There's also the question of instance move operations like live and
cold migrations - what happens to the passed-through disk in those
cases? Does Nova have to copy it to the destination? I think those
would be fairly easily addressable though (there are no major
technical or political challenges, it's just a matter of someone
writing the code and reviewing).
The disk cleanup thing is going to be harder, I suspect - more
politically than technically. It's a bit of a chicken and egg problem
with Nova and Cyborg, at the moment. Nova can refuse features as being
out of scope and punt them to Cyborg, but I'm not sure how
production-ready Cyborg is...
On Tue, Sep 1, 2020 at 10:41 AM Thomas Goirand <zigo@debian.org> wrote:
Hi Nova team!
tl;dr: we would like to contribute giving instances access to physical
block devices directly on the compute hosts. Would this be accepted?
Longer version:
About 3 or 4 years ago, someone wrote a spec, so we'd be able to provide
a local disk of a compute, directly to a VM to use. This was then
rejected, because at the time, Cinder had the blockdevice drive, which
was more or less achieving the same thing. Unfortunately, because nobody
was maintaining the blockdevice driver in Cinder, and because there was
no CI that could test it, the driver got removed.

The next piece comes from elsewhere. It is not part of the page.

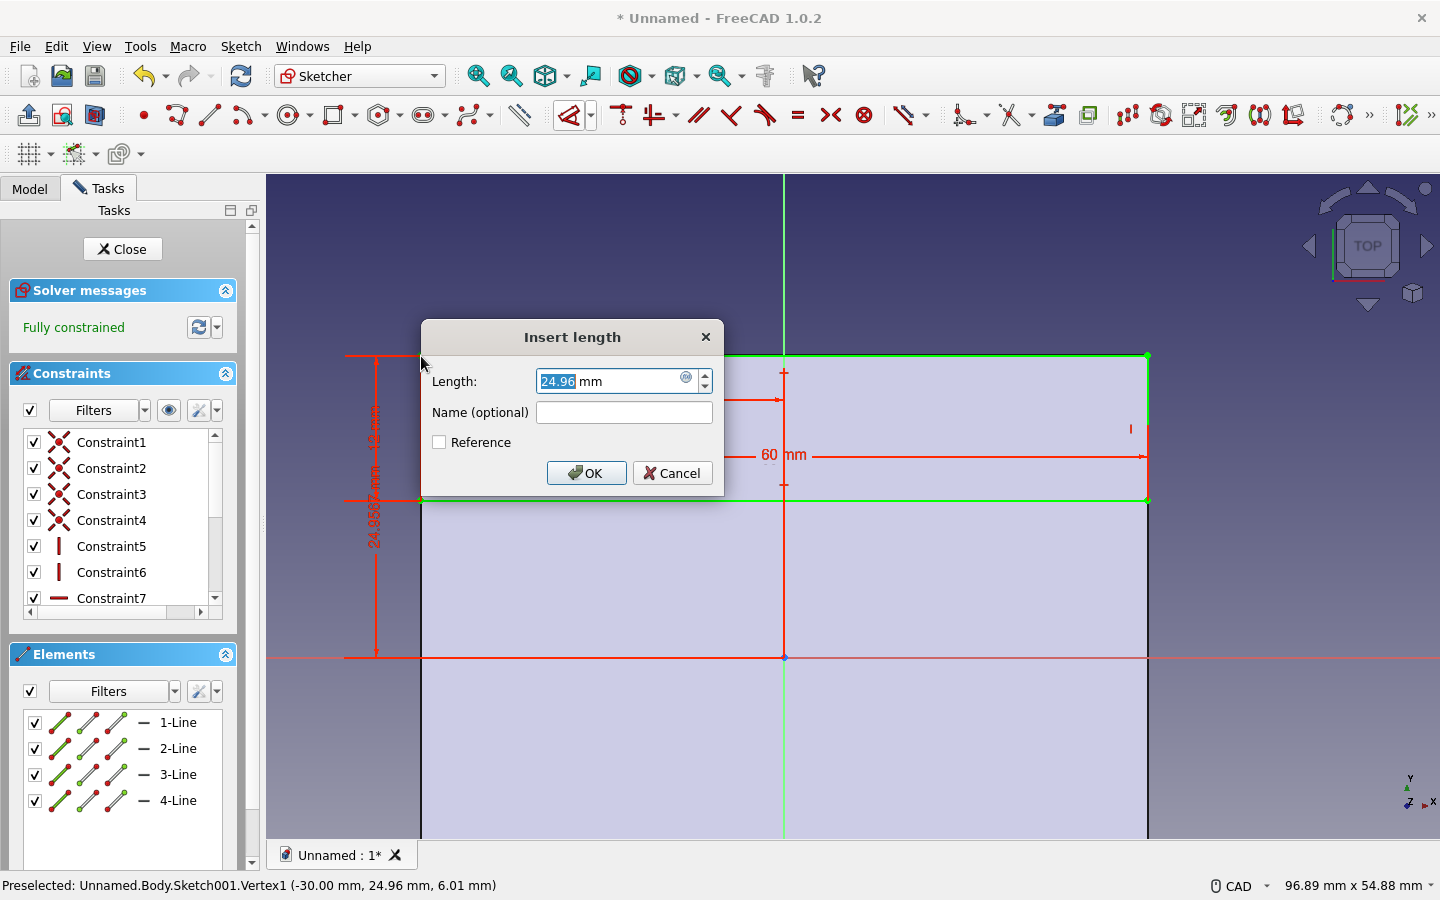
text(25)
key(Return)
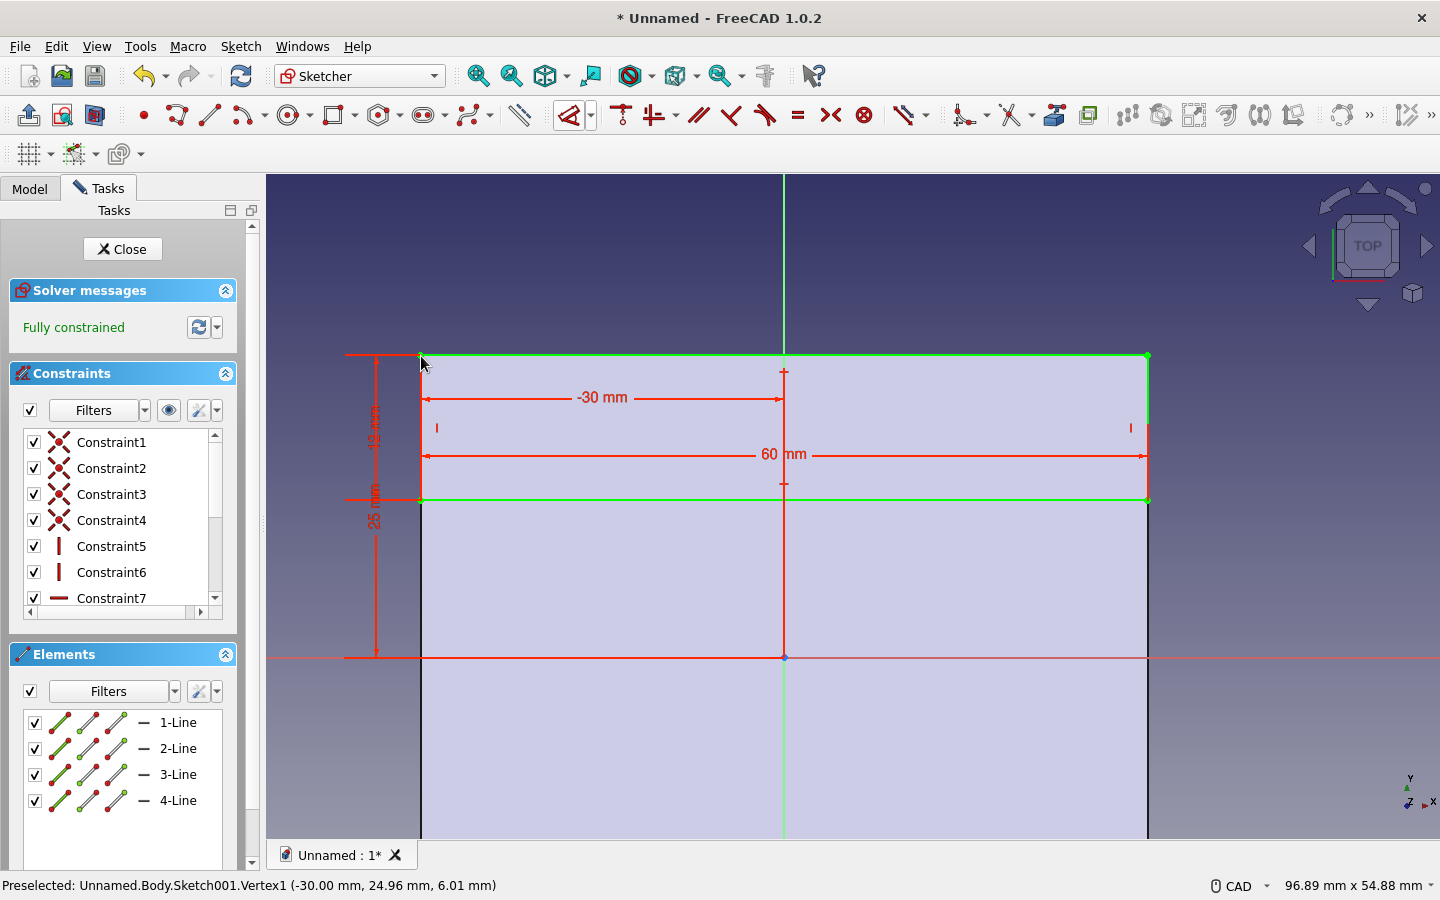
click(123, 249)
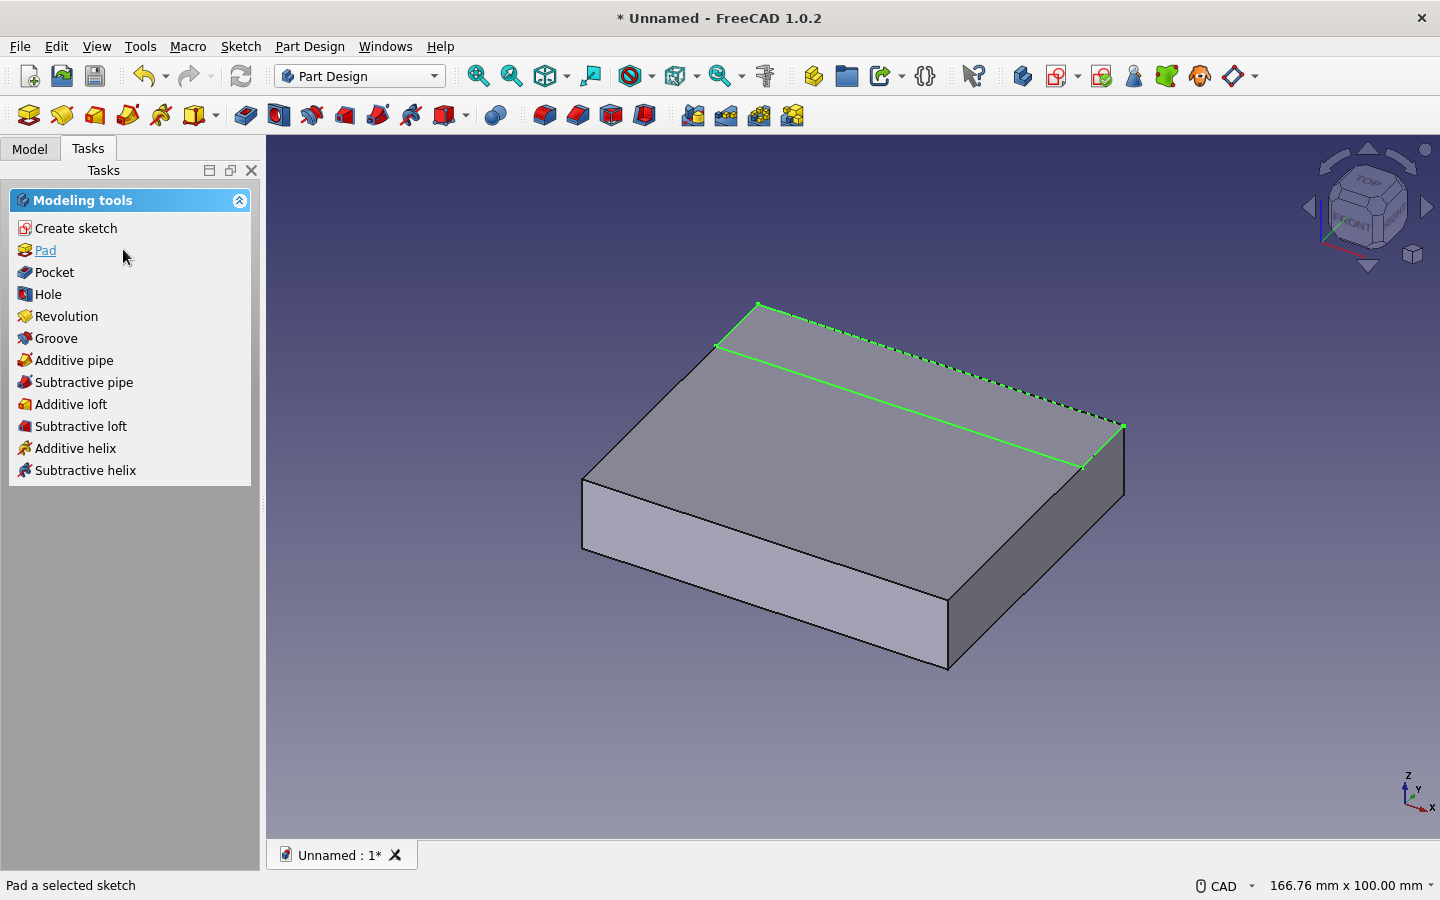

We've investigated how we could otherwise implement it, and one solution
would be to use Cinder, but then we'd be going through an iSCSI export,
which would drastically reduce performances.
Another solution would be to manage KVM instances by hand, not touching
anything to libvirt and/or OpenVSwitch, but then we would loose the ease
of using the Nova API, so we would prefer to avoid this direction.
So we (ie: employees in my company) need to ask the Nova team: would you
consider a spec to do what was rejected before, since there's now no
other good enough alternative?
Our current goal is to be able to provide a disk directly to a VM, so
that we could build Ceph clusters with an hyper-converged model (ie:
storage hosted on the compute nodes). In this model, we wouldn't need
live-migration of a VM with an attached physical block device (though
the feature could be added on a later stage).
Before we start investigating how this can be done, I need to know if
this has at least some chances to be accepted or not. If there is, then
we'll probably start an experimental patch locally, then write a spec to
properly start this project. So please let us know.